◆ **WHAT THE TASK REQUIRES**: Once the line containing "euler: [roll, pitch, yaw]" is found in the records below, return it and each following line exactly, up to and including the line containing "3. car from (1300, 629) to (1475, 692)", and nothing else.

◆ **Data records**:
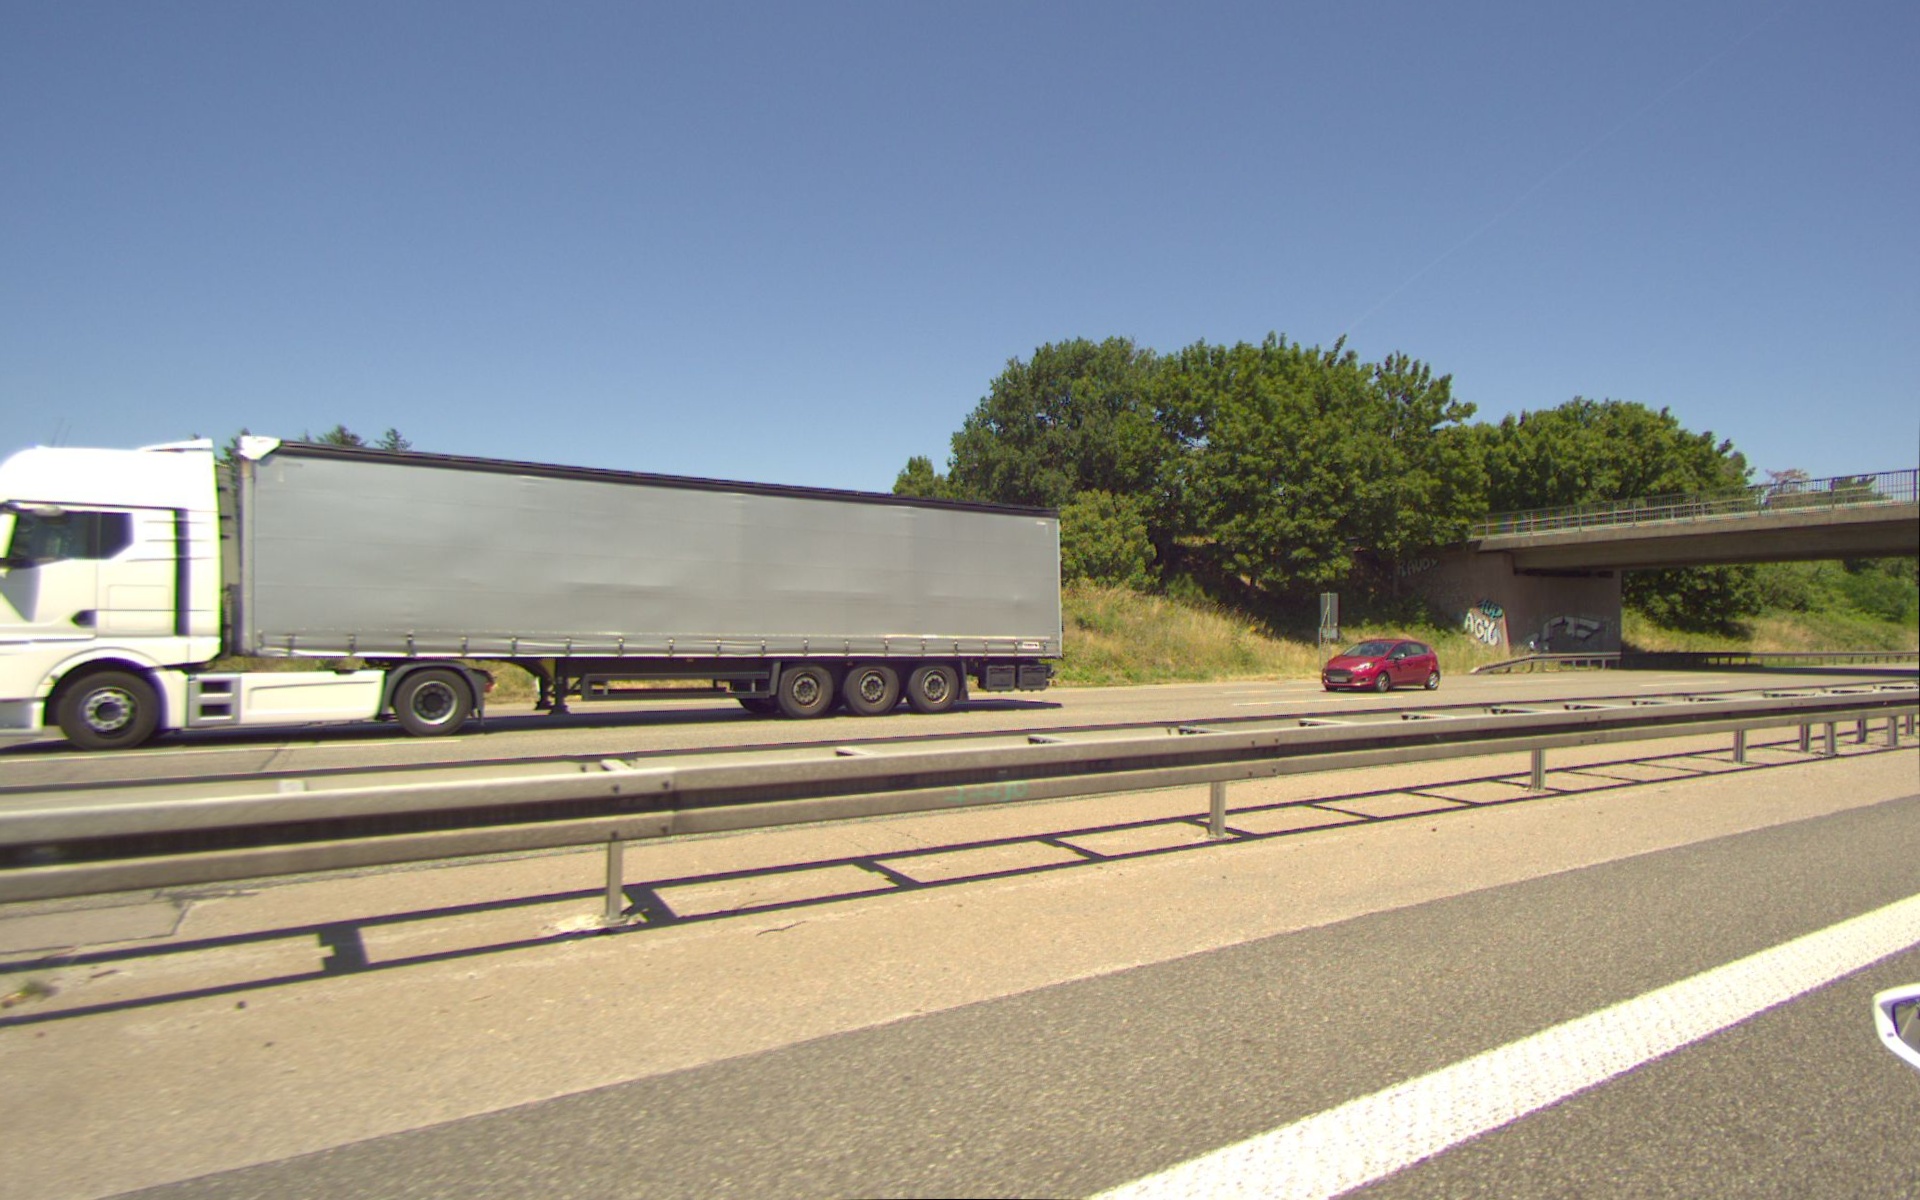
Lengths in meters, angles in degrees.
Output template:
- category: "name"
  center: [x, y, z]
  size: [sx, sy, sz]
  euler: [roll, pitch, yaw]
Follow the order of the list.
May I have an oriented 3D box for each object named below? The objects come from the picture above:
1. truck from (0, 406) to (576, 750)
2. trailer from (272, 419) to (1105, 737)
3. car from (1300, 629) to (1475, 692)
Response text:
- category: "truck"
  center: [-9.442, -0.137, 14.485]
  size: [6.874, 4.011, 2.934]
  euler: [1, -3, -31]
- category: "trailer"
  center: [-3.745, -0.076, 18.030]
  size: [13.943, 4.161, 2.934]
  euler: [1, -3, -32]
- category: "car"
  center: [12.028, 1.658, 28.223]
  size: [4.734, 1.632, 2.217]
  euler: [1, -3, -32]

--

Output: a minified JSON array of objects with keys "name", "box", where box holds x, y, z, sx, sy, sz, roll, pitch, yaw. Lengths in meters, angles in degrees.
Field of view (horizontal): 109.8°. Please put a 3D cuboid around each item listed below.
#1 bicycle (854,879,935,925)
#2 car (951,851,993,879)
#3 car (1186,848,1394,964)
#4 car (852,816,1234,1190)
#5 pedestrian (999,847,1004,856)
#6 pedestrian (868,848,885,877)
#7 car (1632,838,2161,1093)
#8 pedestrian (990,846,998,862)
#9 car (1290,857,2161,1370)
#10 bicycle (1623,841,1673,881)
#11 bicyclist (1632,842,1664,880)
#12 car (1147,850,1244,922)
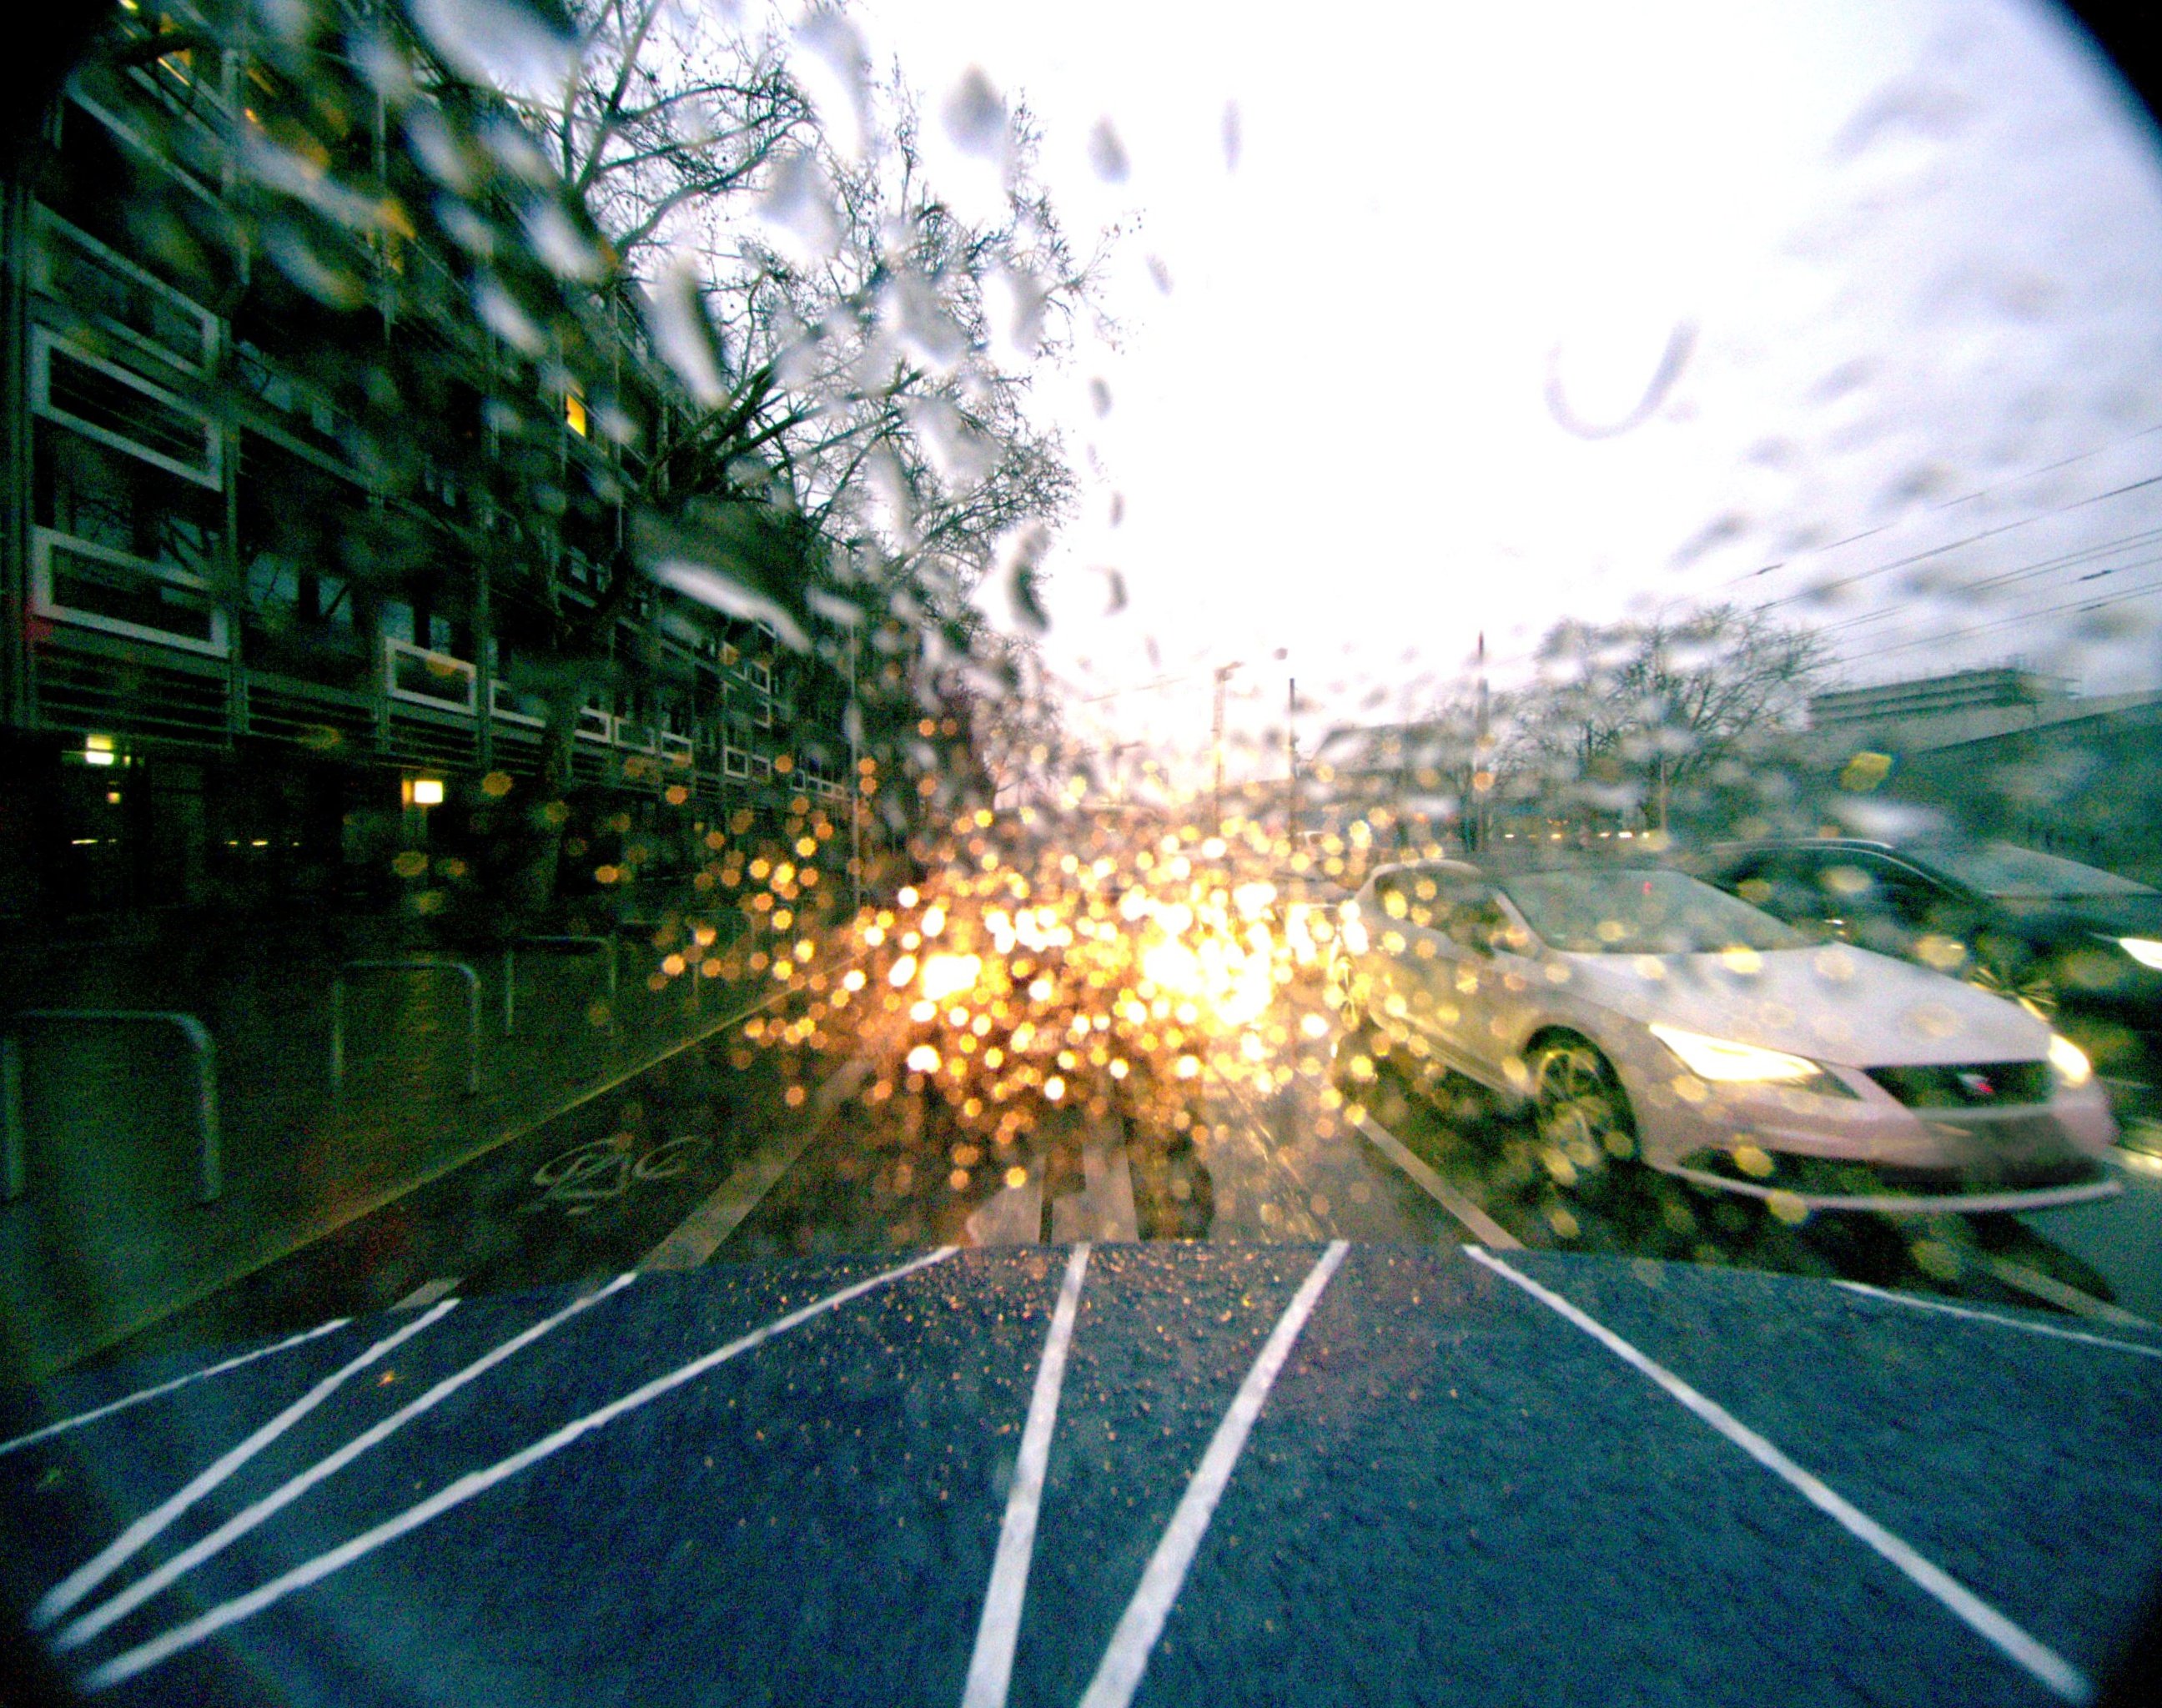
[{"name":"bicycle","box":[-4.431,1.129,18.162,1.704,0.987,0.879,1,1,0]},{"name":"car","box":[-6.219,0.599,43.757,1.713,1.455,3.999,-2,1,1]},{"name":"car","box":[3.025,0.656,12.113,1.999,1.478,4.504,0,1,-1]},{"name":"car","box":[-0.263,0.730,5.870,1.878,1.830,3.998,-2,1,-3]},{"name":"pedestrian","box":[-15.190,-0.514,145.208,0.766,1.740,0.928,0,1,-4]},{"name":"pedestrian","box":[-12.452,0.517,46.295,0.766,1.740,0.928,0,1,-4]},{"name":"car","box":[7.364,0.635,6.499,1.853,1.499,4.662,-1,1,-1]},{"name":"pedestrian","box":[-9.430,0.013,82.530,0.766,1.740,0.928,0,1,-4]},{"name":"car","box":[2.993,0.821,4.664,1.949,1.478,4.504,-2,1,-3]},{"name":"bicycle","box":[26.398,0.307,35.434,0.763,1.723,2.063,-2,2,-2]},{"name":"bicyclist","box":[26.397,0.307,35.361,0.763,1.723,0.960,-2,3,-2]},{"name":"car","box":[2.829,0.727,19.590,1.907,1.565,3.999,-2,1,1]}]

◆ **EXERCISE SOLUTION**:
  euler: [roll, pitch, yaw]
Follow the order of the list.
May I have an oriented 3D box for each object named below? The objects come from the picture above:
1. truck from (0, 406) to (576, 750)
2. trailer from (272, 419) to (1105, 737)
3. car from (1300, 629) to (1475, 692)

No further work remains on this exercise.